Namun demikian, secara sosiologis, mudik dan pulang kampung ditimbulkan oleh sebab dan menimbulkan akibat yang sama. Kita semua adalah orang ‘udik’ kampung yang “mudik” atau pun “pulang kampung” setiap waktu. Jangankan tinggal di Jakarta yang dari dulu adalah Kampung Besar (The Big Village) dgn nama-nama berasosiasi dg kampung dan udik seperti rawa, pondok, kebun, cabe, atau tinja, ketika kita tinggal di kota kosmopolitan pun seperti di London, New York, Paris atau Sydney kita akan berkata “mudik” atau “pulang kampung” saat pulang ke Indonesia krn Indonesia adalah kampung halaman kita. Hubungan kita dengan kampung halaman tdk akan pernah terputus dan bahkan tersambung kuat melalui jejaring sosial (misal, komunitas Indonesia, organisasi berbasis suku), makanan yang kita makan (gado-gado atau salad), baju yg kita pakai (sarung atau blue jeans), atau permainan yg kita mainkan (sepak bola atau rugby). Hatta kita di Bulan atau di Mars sekali pun, mudik atau pulang kampung akan tetap menjadi pengalaman manusia. Baik menjadi manajer atau hanya cleaning service saja, kisah “mudik” atau “pulang kampung” akan tetap menjadi hal yang sama dimana kisah sukses (sucess story) dr migrasi atau petualangan transnasional diceritakan, dikisahkan kembali dan bahkan didramatisir bersama-sama. Kisah sukses ini mendorong kita utk mudik atau pulang kampung. Kisah ini akan terulang kembali di tahun berikutnya, dengan kisah sukses yang berbeda. Mengkaitkan salah satunya atau keduanya dg kegagalan adalah wacana irrealis krn kegagalan hanya menyebabkan aktivitas “pulang” tanpa balik lagi sementara “mudik” dan “pulang kampung” selalu mengimplikasikan balik kembali.
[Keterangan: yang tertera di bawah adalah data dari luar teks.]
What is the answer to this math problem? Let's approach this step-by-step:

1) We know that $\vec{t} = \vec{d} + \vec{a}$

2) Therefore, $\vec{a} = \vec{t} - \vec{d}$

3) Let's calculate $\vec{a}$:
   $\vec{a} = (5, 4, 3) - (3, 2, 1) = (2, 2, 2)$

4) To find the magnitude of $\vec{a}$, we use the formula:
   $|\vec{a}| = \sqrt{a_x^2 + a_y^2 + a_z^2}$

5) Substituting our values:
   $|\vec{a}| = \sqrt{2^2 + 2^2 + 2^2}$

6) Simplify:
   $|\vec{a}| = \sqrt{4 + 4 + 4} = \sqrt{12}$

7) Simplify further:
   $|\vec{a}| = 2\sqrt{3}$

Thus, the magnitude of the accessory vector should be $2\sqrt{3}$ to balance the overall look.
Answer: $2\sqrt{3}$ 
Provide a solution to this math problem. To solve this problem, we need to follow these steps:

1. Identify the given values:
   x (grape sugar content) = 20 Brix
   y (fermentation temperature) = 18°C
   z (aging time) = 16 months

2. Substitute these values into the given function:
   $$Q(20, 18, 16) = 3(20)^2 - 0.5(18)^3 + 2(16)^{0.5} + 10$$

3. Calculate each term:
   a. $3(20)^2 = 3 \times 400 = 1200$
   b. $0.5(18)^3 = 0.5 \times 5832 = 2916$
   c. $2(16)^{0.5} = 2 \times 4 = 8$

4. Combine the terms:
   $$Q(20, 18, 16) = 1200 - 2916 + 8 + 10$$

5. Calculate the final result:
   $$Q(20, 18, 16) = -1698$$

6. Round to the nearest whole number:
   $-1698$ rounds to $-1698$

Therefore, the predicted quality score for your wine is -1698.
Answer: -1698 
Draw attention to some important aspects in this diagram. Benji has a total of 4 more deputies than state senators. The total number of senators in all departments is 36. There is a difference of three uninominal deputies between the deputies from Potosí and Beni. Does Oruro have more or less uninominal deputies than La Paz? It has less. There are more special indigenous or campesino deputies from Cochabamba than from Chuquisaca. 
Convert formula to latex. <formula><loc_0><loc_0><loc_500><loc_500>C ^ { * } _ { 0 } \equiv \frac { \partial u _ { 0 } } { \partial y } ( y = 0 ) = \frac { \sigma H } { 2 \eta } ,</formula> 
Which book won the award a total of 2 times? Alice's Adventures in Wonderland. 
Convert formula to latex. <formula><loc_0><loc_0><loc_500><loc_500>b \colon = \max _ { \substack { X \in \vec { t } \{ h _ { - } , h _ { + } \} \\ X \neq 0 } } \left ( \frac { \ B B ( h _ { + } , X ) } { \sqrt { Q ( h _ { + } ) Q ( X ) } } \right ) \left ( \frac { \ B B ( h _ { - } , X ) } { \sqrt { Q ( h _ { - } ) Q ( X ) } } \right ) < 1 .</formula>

Memang bentul mudik dan pulang kampung memiliki dimensi waktu berbeda. Mudik saat lebaran dan pulang kampung bisa kapan saja. Tetapi ingat, mudik atau pulang kampung selalu berkonotasi dengan sukses dan uang sangu. Mudik atau pulang kampung punya akibat yang sama: tunjukkan kesuksesanmu.

Orang-orang di Udik atau di Kampung akan berharap mendapatkan adanya tetesan kesuksesan itu. Ketika yang minta dibelikan rokok (bukan krn mereka tdk punya uang sendiri), anda tidak bisa mengatakan “saya tdk mudik” (dengan implikasi kesuksesan) tetapi “saya pulang kampung” (dgn implikasi kegagalan). Bagi mereka, mudik atau pulang kampung bermakna sama saja.

Jadi, mau mudik atau pulang kampung, anda harus sediakan uang saku yang cukup banyak. Jika tidak, sebaiknya jangan. Saya khawatir anda tidak akan bs balik ke kota lagi.